これらの課題を解決するため、DX化や労働環境の改善、資材の高騰に対する対策が必要である。
土木建設業のM&Aの背景と動向
土木建設業のM&Aの背景と動向をまとめます。
### 背景
1. 人手不足と高齢化問題:
– 建設業界では、職人の高齢化と若手の不足が深刻な問題となっています。
– このため、M&Aは人材確保のために活発に行われています。
2. 後継者不足:
– 中小企業において、経営者の高齢化や後継者不足が事業承継を難しくしています。
– M&Aはこの問題を解決するための手段として利用されています。
3. 事業の多角化とシナジー効果:
– 不動産会社やハウスメーカーが建設業を傘下に収めることで、事業の多角化が期待され、シナジー効果が生まれます。

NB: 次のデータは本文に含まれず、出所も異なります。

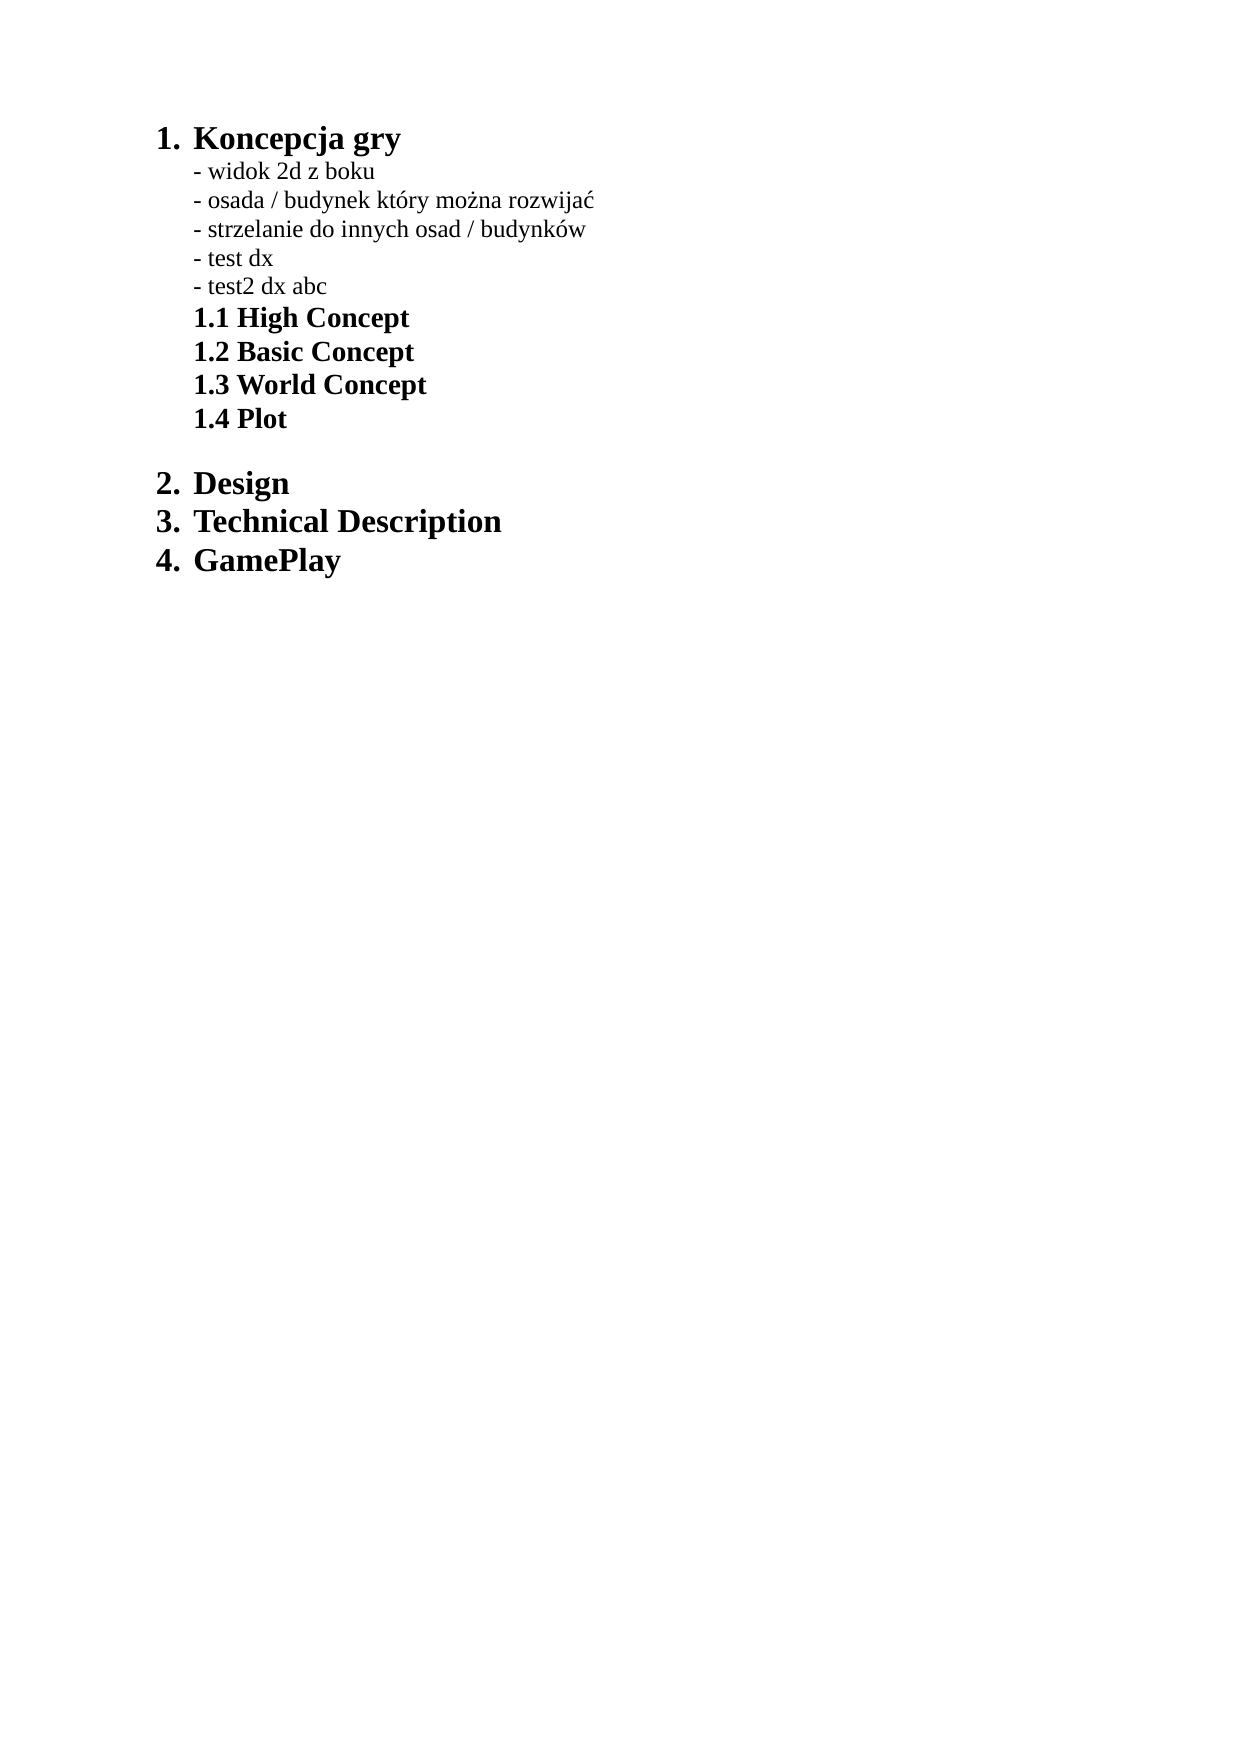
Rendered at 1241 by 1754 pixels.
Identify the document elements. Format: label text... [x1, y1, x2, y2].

list GamePlay [156, 540, 1122, 578]
list Design [156, 463, 1122, 501]
list Koncepcja gry - widok 2d z boku - osada / budynek który można rozwijać - strzelanie do innych osad / budynków - test dx [156, 118, 1122, 271]
list - test2 dx abc 1.1 High Concept 1.2 Basic Concept 1.3 World Concept 1.4 Plot [156, 271, 1122, 463]
list Technical Description [156, 501, 1122, 540]

– 例えば、不動産会社が建設業を傘下に収めると、外注していた工事を内製化できるため、時間とコストの削減が期待されます。
### 動向
1. M&Aの増加:
– 近年、建設業界でのM&Aが活発に行われています。
– 2022年の上場企業の建設M&Aの発表件数は38件で、2013年以降で2番目に多い状況です。
2. 異業種によるM&A:
– ハウスメーカーが中堅のゼネコンを買収して建設業界に進出する例が増えています。
– 不動産会社が建設会社を買収すれば、外注していた施工を内製化できるため、プロセスとコストの効率化が実現可能です。
3. 事業拡大と人手不足の解消:
– M&Aは事業拡大と人手不足の解消を目的として行われています。
– 買収によって即座に売却側企業の人手を獲得可能です。
4. M&Aの成功例:
– サイタホールディングスによる朝倉生コンクリートの子会社化や、清水建設による日本道路のM&Aが成功例として挙げられます。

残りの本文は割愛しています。